- Open Access
Describing the Flexibility of the Generalized Gamma and Related Distributions
Journal of Statistical Distributions and Applications volume 4, Article number: 15 (2017)
The generalized gamma (GG) distribution is a widely used, flexible tool for parametric survival analysis. Many alternatives and extensions to this family have been proposed. This paper characterizes the flexibility of the GG by the quartile ratio relationship, log(Q2/Q1)/log(Q3/Q2), and compares the GG on this basis with two other three-parameter distributions and four parent distributions of four or five parameters. For most parameter combinations of other distributions, a very similar GG, as assessed by the Kullback-Liebler distance, can be found by matching the three quartiles; extreme cases where this fails are examined. Limited additional flexibility is observed, supporting the basic GG family as an ideal platform for parametric survival analysis.
Parametric survival analysis has been the source for the development of distributions with richness and flexibility for modeling time-to-event data. Simple, familiar distributions such as the lognormal and Weibull have been extended, transformed, and combined into myriad new and complex distributions. Distributions with more than three parameters remain relatively rarely applied, with the Generalized Gamma (GG) being among the most popular choices at the three-parameter level. The major appeal of this distribution is its hazard behavior, which includes all four basic hazard shapes (increasing, decreasing, bathtub, and arc-shaped), as well as its ready implementation in standard statistical software packages. These features are described at length in a tutorial by Cox et al. (2007).
While the GG is broadly applicable and flexible, there are still many kinds of hazards, even among the four basic shapes, which it cannot accommodate. We have investigated competing distributions including the three-parameter Exponentiated Weibull (EW; Cox and Matheson 2014) and a family that includes the GG as a special case, the five-parameter Beta-Generalized Gamma (Matheson and Cox 2017). Both of these families include all four of the four basic hazard shapes. Our approach was to attempt to find a closely-matching GG (including both the survival and hazard functions) for any given member of these two families, using the Kullback-Liebler distance to assess the closeness of the match. Each of these comparisons has led to the somewhat surprising conclusion that the GG itself continues to be a good choice for modeling data, in the sense that given any member of the either of these two families, a GG can be found whose survival and hazard functions are very similar and in many cases, including the EW, indistinguishable. In this paper, we characterize an aspect of the GG’s flexibility by interpreting the shape parameter, κ, in terms of the relationship between the three quartiles of the distribution. This gives us a valuable tool for comparing the GG to other distributions using our matching approach, which we pursue with six competing distributions of three to five parameters. Special cases of competing distributions which may not be well-approximated by a GG are evaluated.
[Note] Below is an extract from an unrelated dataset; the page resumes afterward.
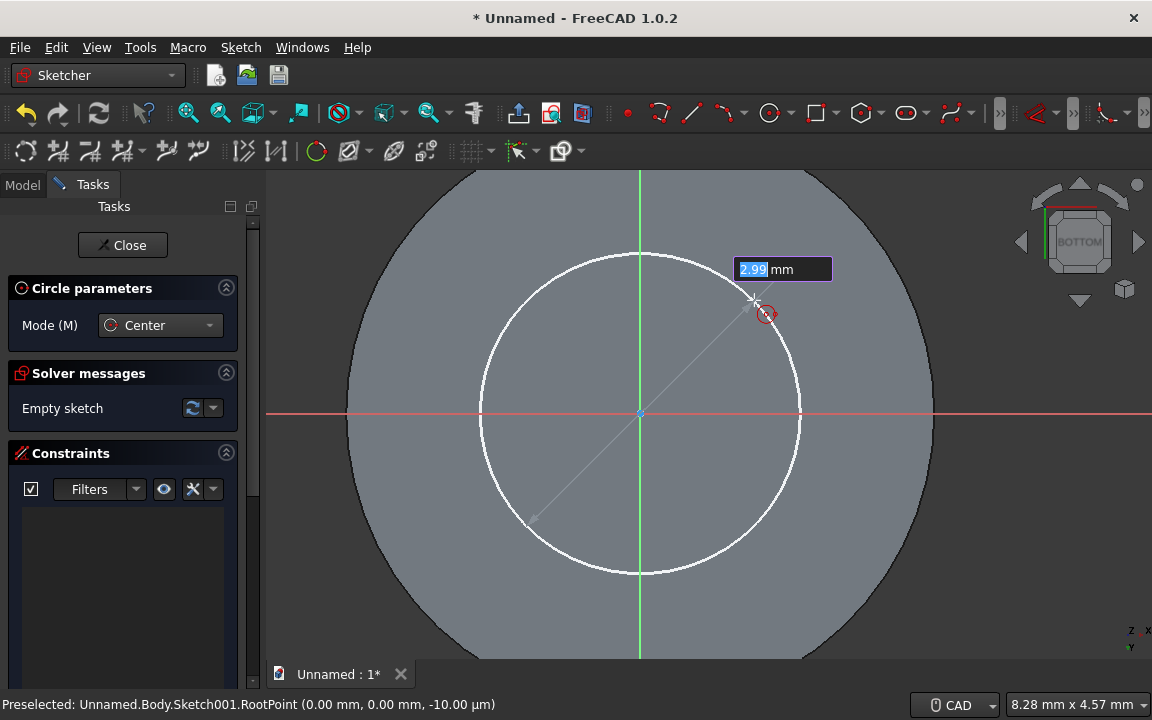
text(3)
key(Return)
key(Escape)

A More Complete Characterization of the Shape of the GG
The standard accelerated failure time model involves location (β) and scale (σ) parameters, and in the case of the GG, an additional ‘shape’ parameter κ. Here we propose a more concrete interpretation of κ as governing the quartile ratio relationship (QRR), defined as log(Q2/Q1)/log(Q3/Q2). For any GG, the QRR curve depends solely on κ, such that the curve defined by QRR = log(tκ(0.5)/ tκ(0.25))/log(tκ(0.75)/tκ(0.5)), where tκ(p) represents the pth percentile of a GG(0, 1, κ), is identical for any given β and σ. Indeed, there is a one-to-one correspondence between κ (independent of β and σ) and the QRR; this function is shown in Fig. 1, panel a, with the y-axis logarithmic to highlight the function’s symmetry (namely, that the QRR for any negative κ is the reciprocal of the QRR for the corresponding positive κ value).
The implications of this graph are substantial, but several in particular are relevant to our current investigation. First, if three quartiles of data are known, one can determine the κ of the GG that most appropriately fits the data, if one exists, using this function (Cox and Matheson, 2014). As long as the QRR lies between roughly 3/5 and 5/3, the appropriate κ for the given QRR can be found; then, given this value of κ, σ is simply log(Q3/Q1)/log(tκ(0.75)/tκ(0.25)) and β is log(Q2) - σ log tκ(0.5). If the QRR falls outside this range, κ should be restricted to 4 for positive log(QRR) values and −4 for negative ones, as more extreme values of κ will not bring the GG any closer to the desired QRR; σ and β can still be solved for as shown above. This leads to the second point, which is that the flexibility of other distributions can be compared to the GG by plotting their QRR. If the QRR of another distribution falls entirely between the limits of the QRR of the GG, that distribution is not likely to have any additional flexibility beyond what the GG already provides. However, if the competing distribution’s QRR extends outside this vertical range, the GG may be limited in its capacity to approximate it.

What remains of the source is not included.